Advancing the health and well-being of animals and people


Principal Investigator:  John Parker

Contact Information: Email: jsp7@cornell.edu; Phone: 607-256-5626
Sponsor: Morris Animal Foundation
Grant Number: D12FE-002
Title: The Role of Feline Junctional Adhesion Molecule A in Feline Calcivirus (FCV) Infection
Annual Direct Cost: $69,675
Project Period: 09/1/2011- 08/31/2014

DESCRIPTION (provided by applicant): Feline calicivirus (FCV) is a common cause of upper respiratory disease and oral ulceration in cats. Of concern are reports of severe and sometimes-fatal virulent systemic disease caused by FCV. Isolates recovered from cats with virulent systemic (VS)-FCV have reproduced the disease indicating that the virus and not some other factor is responsible for this new disease. Here we propose to examine in detail the interaction between FCV and its cell surface receptor, feline Junctional adhesion molecule A (fJAM-A).

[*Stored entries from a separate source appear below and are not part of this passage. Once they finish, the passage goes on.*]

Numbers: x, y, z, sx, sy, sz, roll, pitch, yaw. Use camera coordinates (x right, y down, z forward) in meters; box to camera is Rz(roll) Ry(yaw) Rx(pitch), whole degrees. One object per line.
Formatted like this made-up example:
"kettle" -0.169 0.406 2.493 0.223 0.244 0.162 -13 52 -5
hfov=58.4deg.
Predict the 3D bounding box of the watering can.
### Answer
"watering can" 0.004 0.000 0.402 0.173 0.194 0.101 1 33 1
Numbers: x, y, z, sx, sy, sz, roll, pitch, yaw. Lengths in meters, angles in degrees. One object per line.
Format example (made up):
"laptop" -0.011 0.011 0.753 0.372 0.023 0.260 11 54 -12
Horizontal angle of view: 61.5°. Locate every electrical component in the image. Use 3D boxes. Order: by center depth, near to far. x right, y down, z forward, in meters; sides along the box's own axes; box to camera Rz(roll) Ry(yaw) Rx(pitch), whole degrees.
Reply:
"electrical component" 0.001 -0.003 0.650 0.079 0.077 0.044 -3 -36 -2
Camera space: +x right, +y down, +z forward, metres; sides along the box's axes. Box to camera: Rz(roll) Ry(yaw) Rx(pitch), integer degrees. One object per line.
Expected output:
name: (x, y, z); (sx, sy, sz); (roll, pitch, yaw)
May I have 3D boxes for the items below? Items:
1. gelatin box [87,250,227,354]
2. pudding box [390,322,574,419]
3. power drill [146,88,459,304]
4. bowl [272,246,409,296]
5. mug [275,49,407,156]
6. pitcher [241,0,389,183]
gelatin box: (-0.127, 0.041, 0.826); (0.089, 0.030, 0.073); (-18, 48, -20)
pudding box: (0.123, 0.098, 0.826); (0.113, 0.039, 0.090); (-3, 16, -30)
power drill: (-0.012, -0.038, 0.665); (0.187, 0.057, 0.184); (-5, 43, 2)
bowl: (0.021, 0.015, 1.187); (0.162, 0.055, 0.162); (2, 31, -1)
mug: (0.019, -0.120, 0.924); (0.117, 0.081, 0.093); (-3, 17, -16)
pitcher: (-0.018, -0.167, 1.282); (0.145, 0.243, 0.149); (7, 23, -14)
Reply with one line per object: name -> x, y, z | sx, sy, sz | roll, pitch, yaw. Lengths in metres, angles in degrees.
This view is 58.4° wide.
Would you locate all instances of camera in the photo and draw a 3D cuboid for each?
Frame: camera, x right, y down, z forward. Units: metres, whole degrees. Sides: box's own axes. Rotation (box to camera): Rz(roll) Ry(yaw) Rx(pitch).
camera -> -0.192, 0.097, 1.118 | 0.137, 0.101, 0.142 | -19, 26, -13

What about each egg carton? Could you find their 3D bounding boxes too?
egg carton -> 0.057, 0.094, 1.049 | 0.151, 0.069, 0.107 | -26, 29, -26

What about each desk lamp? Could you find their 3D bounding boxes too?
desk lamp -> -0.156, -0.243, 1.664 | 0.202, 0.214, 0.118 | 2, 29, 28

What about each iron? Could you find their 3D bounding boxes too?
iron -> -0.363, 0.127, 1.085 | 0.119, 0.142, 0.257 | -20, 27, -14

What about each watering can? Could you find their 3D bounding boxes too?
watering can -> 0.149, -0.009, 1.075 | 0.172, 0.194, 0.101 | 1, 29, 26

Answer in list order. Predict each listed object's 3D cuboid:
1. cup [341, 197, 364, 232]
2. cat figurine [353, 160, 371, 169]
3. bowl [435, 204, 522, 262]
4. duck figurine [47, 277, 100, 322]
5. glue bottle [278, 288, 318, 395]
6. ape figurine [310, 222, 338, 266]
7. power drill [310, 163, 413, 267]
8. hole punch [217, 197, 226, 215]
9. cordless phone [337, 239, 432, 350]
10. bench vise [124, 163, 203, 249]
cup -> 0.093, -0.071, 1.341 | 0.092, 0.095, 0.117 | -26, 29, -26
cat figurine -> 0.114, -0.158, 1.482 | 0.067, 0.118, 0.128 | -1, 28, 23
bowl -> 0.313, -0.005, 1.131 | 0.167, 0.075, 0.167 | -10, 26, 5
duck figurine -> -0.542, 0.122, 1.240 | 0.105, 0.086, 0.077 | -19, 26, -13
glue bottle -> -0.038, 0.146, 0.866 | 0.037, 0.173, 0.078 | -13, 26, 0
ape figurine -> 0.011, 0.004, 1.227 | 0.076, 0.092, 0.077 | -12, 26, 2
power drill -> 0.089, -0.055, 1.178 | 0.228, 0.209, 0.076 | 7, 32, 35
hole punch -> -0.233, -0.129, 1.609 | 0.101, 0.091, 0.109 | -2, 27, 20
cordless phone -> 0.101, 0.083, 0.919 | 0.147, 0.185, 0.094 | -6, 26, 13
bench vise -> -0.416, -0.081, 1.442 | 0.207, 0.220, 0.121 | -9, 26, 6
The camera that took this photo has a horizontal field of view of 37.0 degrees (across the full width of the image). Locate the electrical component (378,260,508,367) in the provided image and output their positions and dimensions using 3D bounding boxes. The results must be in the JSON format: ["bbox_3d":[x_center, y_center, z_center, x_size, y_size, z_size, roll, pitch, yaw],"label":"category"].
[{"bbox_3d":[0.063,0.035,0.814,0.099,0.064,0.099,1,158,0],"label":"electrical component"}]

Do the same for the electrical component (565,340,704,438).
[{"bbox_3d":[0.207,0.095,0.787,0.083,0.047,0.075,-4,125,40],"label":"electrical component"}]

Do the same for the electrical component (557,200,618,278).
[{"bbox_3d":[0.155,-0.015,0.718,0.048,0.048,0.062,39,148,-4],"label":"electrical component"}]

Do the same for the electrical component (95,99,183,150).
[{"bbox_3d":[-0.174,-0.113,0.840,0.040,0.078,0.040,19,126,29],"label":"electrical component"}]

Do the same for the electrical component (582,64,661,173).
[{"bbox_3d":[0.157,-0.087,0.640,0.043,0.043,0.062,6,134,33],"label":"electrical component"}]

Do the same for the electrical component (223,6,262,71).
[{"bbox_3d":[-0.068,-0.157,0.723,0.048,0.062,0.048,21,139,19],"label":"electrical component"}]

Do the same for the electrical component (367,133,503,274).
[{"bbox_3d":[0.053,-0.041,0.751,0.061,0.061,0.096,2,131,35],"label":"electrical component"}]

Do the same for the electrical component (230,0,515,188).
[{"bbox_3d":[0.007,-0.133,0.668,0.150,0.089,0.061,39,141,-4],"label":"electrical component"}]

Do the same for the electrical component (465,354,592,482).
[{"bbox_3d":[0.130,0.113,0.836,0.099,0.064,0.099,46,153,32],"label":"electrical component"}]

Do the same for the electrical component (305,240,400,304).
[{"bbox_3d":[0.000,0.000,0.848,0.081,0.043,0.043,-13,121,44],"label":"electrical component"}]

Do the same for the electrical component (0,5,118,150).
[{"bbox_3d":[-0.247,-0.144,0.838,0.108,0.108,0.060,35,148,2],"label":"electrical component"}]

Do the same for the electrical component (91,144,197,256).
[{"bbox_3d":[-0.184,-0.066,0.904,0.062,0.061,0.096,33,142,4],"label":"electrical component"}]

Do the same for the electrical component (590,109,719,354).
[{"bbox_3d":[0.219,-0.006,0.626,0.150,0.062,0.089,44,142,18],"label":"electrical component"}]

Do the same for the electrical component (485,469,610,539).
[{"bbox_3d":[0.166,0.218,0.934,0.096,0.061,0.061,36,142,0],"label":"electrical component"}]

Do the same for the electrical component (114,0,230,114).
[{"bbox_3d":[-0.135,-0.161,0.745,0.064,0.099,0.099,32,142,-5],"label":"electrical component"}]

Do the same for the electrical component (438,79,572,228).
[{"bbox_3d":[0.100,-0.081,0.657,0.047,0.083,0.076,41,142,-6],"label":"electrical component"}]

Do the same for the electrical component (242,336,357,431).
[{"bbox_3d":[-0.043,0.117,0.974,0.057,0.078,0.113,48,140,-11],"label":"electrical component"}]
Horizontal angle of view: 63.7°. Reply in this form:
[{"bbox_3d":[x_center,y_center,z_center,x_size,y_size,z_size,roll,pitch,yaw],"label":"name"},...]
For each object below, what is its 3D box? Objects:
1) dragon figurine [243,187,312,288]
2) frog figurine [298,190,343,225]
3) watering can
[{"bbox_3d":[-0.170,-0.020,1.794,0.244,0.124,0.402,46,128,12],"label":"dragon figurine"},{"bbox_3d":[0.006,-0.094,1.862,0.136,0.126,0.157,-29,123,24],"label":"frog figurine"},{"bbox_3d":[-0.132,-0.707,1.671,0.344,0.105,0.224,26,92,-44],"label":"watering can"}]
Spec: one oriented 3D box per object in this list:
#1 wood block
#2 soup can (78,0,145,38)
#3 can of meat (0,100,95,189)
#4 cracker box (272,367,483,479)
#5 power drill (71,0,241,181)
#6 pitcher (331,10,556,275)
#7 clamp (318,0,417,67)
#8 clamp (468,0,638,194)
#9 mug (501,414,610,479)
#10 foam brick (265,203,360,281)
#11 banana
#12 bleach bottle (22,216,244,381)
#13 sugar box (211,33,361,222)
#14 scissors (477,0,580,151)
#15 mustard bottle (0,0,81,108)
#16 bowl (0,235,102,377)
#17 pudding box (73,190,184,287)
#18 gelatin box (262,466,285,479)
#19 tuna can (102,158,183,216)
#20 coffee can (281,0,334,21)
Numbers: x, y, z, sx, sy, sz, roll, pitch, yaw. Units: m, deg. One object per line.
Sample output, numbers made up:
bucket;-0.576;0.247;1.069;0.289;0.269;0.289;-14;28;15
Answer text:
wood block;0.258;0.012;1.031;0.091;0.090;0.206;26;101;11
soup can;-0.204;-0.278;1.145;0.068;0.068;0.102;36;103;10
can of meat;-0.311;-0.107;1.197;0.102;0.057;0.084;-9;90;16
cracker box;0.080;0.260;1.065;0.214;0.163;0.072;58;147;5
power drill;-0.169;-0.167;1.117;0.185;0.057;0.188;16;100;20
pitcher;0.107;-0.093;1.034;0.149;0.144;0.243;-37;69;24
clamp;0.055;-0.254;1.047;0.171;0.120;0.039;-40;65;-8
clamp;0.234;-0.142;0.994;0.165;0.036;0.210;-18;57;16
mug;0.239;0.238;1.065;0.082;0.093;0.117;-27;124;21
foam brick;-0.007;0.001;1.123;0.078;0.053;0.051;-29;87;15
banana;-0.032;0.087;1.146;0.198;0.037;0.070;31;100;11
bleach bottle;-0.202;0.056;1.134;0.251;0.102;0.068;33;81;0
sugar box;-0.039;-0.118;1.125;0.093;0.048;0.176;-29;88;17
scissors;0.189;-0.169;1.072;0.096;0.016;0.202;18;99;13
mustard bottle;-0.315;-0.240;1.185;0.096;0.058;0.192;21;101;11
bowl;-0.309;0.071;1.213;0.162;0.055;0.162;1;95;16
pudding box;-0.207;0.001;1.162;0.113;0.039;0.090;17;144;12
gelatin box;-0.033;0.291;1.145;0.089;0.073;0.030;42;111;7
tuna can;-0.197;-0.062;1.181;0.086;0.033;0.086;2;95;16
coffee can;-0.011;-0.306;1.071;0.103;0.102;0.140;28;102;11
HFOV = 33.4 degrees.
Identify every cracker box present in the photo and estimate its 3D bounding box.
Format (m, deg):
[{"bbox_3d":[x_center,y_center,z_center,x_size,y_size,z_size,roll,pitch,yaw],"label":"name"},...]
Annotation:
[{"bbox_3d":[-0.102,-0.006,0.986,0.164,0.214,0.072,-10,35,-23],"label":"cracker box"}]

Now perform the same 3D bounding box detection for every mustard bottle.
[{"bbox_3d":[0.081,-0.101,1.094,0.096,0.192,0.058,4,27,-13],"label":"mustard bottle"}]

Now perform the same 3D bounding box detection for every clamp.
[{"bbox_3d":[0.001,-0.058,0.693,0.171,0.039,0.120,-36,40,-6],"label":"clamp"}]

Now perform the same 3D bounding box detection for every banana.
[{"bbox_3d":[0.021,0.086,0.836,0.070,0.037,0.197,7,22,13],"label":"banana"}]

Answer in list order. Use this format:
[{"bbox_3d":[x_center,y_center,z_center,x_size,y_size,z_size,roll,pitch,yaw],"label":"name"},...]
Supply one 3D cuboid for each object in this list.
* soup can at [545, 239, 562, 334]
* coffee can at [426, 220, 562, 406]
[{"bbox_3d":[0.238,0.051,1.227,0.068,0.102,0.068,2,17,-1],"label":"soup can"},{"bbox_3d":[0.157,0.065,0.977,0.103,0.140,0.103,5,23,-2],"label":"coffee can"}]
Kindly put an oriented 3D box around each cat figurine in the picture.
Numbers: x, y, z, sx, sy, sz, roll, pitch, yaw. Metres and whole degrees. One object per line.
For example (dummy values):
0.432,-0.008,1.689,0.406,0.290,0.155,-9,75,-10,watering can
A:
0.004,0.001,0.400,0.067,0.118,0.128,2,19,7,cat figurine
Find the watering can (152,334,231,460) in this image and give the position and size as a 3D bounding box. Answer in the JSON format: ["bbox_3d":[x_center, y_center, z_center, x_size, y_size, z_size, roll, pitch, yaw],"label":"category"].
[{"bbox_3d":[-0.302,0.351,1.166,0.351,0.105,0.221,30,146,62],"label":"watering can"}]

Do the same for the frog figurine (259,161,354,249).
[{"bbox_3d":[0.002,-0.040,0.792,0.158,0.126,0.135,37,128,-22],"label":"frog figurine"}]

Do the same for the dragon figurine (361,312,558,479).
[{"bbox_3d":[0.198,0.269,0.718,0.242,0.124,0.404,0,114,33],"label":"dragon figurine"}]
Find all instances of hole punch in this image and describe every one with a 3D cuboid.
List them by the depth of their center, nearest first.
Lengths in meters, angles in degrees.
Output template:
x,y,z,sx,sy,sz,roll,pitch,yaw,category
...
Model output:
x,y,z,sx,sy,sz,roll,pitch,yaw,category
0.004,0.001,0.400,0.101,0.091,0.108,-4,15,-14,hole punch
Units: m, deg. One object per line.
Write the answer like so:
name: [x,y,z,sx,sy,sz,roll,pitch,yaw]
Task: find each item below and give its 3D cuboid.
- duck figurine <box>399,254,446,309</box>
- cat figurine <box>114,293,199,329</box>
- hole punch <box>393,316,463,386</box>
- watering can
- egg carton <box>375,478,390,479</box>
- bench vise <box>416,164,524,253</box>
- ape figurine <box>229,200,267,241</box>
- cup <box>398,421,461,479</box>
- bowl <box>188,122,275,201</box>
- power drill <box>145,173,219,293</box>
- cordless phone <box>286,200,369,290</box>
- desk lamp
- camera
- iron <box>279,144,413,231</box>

Our experiments will be guided by a new atomic resolution structure of the FCV capsid. The approach we will take will be to use structural information to design a panel of mutant viruses and receptors by recombinant DNA techniques. We will then use this panel of mutants to ask which changes in the virus and in the receptor are critical for binding and infection. The rationale for these experiments is that based on our preliminary findings we strongly suspect that newer virulent isolates of FCV undergo dramatic conformational changes upon interaction with fJAM-A that make these viruses more efficient at infecting cells. An increase in infection efficiency within an animal could over the course of multiple rounds of infection lead to enhanced virulence and pathogenicity. The benefit of obtaining this information is that we expect to identify critical residues in the FCV capsid that are predictors of this behavior and thus allow potential VS-FCV isolates to be identified early. Secondly, by understanding the molecular mechanisms by which these viruses infect cells, we can better design therapies and potentially engineer vaccine candidates. One potential therapy might be to use soluble forms of the receptor itself to neutralize the virus.